** Task statement **
Repeat only the lines below from the one containing "Keep it short and to the point. 0." through the one containing "testgroup = mommy.make('core.AssignmentGroup')", inclusive, exactly as written.

** Dataset excerpts **
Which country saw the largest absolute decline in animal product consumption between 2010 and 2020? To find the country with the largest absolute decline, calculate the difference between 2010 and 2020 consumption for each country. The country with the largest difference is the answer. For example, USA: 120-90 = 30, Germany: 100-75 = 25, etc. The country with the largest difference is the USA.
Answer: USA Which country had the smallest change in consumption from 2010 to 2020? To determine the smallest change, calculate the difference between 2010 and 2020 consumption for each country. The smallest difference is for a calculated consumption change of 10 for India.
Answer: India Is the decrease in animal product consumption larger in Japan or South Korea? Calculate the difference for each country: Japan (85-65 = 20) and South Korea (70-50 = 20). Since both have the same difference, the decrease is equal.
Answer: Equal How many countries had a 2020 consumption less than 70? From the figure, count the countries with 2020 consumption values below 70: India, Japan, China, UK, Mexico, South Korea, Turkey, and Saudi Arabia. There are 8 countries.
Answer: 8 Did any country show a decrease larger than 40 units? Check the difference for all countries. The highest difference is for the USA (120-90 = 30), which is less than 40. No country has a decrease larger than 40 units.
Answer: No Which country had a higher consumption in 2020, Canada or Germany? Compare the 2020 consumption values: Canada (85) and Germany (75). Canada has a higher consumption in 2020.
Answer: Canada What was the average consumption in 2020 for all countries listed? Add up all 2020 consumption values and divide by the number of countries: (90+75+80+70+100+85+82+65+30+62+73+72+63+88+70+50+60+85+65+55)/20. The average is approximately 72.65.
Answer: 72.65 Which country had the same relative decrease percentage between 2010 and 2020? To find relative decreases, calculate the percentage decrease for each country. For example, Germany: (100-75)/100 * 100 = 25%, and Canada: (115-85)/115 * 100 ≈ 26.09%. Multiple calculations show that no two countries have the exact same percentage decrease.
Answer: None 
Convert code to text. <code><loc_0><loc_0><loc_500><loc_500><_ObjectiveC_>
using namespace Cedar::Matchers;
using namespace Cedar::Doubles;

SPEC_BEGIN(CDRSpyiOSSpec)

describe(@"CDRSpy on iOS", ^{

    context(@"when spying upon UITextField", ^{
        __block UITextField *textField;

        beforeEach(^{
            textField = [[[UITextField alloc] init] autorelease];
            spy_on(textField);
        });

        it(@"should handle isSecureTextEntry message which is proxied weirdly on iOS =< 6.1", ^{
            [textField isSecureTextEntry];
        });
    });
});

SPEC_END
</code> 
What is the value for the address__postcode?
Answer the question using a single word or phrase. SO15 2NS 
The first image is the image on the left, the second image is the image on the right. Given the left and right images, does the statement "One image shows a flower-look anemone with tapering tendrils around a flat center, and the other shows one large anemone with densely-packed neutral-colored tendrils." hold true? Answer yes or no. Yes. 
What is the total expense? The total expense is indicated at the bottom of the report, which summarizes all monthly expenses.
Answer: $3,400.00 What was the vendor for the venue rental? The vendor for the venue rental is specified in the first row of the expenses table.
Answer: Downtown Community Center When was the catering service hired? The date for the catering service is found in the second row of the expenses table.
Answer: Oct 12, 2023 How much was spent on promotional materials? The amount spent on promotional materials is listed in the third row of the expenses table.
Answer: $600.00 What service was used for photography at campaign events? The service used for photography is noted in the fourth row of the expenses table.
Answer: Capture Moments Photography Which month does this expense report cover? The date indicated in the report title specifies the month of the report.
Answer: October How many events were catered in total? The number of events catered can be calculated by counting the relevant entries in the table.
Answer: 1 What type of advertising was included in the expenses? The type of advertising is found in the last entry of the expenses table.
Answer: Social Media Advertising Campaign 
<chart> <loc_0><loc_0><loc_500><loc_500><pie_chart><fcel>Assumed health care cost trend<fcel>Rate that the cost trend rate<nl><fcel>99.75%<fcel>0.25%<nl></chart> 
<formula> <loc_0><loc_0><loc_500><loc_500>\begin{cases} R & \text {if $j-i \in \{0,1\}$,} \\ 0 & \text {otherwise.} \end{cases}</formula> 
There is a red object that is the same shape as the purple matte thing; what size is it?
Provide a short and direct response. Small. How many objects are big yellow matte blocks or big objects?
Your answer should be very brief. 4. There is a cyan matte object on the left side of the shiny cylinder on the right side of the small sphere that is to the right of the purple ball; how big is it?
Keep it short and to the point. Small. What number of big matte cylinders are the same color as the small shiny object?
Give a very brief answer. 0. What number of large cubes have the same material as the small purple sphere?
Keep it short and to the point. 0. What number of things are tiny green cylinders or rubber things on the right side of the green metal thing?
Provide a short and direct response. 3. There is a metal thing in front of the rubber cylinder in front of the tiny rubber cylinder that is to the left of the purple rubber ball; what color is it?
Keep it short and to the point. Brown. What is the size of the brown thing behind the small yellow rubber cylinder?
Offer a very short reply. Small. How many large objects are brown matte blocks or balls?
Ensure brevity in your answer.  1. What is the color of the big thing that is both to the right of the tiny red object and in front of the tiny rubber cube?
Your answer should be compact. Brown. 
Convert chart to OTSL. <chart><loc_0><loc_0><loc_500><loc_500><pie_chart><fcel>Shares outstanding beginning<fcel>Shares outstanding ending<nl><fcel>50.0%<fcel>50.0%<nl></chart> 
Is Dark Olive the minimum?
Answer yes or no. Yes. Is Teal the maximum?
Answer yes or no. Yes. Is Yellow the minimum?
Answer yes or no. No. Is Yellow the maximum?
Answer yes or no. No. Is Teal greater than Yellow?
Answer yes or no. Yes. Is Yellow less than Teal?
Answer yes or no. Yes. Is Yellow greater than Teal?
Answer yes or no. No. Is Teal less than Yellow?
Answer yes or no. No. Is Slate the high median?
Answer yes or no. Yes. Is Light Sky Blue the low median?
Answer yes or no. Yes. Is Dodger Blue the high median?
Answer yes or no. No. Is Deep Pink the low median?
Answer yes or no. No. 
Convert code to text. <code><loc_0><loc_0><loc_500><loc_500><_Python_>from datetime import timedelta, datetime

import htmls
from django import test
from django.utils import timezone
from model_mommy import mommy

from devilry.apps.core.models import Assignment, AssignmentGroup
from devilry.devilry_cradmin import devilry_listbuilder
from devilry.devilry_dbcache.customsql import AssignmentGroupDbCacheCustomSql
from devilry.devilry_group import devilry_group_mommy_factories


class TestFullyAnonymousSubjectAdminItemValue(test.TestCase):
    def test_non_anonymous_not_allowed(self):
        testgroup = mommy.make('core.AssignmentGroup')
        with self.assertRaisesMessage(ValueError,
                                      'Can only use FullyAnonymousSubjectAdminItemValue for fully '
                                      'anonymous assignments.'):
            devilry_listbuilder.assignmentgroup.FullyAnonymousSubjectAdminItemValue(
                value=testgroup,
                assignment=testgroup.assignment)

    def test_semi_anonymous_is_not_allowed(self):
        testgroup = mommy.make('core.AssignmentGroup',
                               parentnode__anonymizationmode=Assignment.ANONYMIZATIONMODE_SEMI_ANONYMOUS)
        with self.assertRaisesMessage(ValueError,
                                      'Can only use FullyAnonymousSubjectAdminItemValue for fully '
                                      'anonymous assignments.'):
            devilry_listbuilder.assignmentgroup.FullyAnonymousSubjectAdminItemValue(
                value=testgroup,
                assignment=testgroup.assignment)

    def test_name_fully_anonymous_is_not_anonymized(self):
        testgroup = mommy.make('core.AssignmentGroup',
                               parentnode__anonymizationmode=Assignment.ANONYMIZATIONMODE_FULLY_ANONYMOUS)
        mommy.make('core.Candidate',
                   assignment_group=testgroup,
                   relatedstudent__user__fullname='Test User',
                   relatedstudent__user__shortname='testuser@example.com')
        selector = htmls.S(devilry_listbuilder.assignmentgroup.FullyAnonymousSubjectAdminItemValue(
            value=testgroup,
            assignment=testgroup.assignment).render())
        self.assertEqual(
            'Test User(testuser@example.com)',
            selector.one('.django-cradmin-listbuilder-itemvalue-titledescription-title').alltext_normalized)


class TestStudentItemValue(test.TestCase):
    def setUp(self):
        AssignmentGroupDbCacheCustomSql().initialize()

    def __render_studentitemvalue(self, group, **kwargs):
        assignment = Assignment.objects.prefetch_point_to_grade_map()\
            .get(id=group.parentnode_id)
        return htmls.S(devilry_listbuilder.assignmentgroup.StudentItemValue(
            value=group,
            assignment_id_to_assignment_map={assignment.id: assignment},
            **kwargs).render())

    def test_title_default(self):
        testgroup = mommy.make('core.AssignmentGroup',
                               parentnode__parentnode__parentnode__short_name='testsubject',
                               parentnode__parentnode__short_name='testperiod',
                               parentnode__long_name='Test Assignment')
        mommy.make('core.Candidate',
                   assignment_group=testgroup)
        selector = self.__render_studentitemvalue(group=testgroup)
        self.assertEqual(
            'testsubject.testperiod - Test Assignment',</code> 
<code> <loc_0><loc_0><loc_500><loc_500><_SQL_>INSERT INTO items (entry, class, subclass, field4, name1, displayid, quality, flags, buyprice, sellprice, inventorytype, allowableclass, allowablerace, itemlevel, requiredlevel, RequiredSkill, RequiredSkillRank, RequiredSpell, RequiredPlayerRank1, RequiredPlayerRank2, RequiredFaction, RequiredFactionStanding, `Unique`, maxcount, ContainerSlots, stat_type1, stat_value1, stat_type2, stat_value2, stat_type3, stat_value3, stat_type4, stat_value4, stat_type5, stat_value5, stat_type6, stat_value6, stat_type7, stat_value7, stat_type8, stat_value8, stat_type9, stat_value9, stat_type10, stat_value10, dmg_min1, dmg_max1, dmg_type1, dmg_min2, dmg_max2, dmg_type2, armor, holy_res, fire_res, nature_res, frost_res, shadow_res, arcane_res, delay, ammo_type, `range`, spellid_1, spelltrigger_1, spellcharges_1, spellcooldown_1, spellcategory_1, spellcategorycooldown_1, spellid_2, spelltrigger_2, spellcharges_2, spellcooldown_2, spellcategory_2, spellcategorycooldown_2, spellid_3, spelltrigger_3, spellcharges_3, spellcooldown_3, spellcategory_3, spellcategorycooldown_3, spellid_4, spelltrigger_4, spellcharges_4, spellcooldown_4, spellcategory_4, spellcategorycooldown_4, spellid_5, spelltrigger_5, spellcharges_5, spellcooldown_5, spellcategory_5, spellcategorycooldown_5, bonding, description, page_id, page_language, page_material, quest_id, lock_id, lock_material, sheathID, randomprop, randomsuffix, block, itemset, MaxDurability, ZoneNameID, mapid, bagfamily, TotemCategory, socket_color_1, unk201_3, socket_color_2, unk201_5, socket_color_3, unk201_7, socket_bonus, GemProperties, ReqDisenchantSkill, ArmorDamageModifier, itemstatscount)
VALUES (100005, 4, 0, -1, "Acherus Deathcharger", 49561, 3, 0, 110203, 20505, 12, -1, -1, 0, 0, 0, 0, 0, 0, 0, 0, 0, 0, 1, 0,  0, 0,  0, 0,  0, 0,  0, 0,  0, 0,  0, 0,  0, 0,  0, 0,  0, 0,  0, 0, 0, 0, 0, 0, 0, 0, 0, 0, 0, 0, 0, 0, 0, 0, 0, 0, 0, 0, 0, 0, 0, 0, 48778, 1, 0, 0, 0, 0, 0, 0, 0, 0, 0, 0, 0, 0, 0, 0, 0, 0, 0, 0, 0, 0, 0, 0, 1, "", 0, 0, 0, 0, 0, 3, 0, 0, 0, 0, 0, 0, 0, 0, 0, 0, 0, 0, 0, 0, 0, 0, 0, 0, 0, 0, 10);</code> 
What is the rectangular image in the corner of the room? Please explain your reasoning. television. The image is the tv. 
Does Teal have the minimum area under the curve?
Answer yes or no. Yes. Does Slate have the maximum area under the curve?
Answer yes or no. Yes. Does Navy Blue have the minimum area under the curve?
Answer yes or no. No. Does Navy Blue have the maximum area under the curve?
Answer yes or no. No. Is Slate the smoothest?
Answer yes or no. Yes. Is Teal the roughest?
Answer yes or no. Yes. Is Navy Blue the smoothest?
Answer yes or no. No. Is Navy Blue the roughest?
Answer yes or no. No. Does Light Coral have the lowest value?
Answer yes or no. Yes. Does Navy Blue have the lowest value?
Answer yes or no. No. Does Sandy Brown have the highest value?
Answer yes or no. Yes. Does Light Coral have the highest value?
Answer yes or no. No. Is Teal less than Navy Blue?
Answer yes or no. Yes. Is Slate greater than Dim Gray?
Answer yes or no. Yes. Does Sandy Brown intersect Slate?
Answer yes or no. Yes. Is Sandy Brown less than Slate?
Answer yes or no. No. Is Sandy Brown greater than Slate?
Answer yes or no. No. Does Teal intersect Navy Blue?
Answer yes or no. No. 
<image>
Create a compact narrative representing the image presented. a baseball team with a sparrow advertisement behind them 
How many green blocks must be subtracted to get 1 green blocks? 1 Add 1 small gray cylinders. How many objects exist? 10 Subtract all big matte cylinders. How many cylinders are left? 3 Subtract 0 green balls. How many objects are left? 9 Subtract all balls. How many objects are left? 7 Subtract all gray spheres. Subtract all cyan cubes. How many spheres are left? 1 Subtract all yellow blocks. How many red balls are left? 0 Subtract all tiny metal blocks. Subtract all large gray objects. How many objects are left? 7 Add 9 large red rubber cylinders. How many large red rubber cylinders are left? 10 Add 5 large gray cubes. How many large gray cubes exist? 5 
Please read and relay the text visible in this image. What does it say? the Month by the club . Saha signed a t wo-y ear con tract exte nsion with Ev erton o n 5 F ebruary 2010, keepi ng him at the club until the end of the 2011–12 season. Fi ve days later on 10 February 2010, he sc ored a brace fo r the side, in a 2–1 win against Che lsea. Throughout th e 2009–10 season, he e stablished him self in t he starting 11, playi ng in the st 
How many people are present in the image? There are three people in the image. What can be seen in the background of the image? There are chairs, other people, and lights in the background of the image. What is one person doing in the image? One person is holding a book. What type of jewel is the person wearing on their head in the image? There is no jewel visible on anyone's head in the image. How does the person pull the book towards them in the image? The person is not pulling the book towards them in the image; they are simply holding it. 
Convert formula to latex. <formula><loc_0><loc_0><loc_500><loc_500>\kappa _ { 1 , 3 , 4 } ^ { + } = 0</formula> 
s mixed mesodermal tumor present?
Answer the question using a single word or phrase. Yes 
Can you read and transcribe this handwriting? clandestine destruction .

** Written solution **
Keep it short and to the point. 0. What number of things are tiny green cylinders or rubber things on the right side of the green metal thing?
Provide a short and direct response. 3. There is a metal thing in front of the rubber cylinder in front of the tiny rubber cylinder that is to the left of the purple rubber ball; what color is it?
Keep it short and to the point. Brown. What is the size of the brown thing behind the small yellow rubber cylinder?
Offer a very short reply. Small. How many large objects are brown matte blocks or balls?
Ensure brevity in your answer.  1. What is the color of the big thing that is both to the right of the tiny red object and in front of the tiny rubber cube?
Your answer should be compact. Brown. 
Convert chart to OTSL. <chart><loc_0><loc_0><loc_500><loc_500><pie_chart><fcel>Shares outstanding beginning<fcel>Shares outstanding ending<nl><fcel>50.0%<fcel>50.0%<nl></chart> 
Is Dark Olive the minimum?
Answer yes or no. Yes. Is Teal the maximum?
Answer yes or no. Yes. Is Yellow the minimum?
Answer yes or no. No. Is Yellow the maximum?
Answer yes or no. No. Is Teal greater than Yellow?
Answer yes or no. Yes. Is Yellow less than Teal?
Answer yes or no. Yes. Is Yellow greater than Teal?
Answer yes or no. No. Is Teal less than Yellow?
Answer yes or no. No. Is Slate the high median?
Answer yes or no. Yes. Is Light Sky Blue the low median?
Answer yes or no. Yes. Is Dodger Blue the high median?
Answer yes or no. No. Is Deep Pink the low median?
Answer yes or no. No. 
Convert code to text. <code><loc_0><loc_0><loc_500><loc_500><_Python_>from datetime import timedelta, datetime

import htmls
from django import test
from django.utils import timezone
from model_mommy import mommy

from devilry.apps.core.models import Assignment, AssignmentGroup
from devilry.devilry_cradmin import devilry_listbuilder
from devilry.devilry_dbcache.customsql import AssignmentGroupDbCacheCustomSql
from devilry.devilry_group import devilry_group_mommy_factories


class TestFullyAnonymousSubjectAdminItemValue(test.TestCase):
    def test_non_anonymous_not_allowed(self):
        testgroup = mommy.make('core.AssignmentGroup')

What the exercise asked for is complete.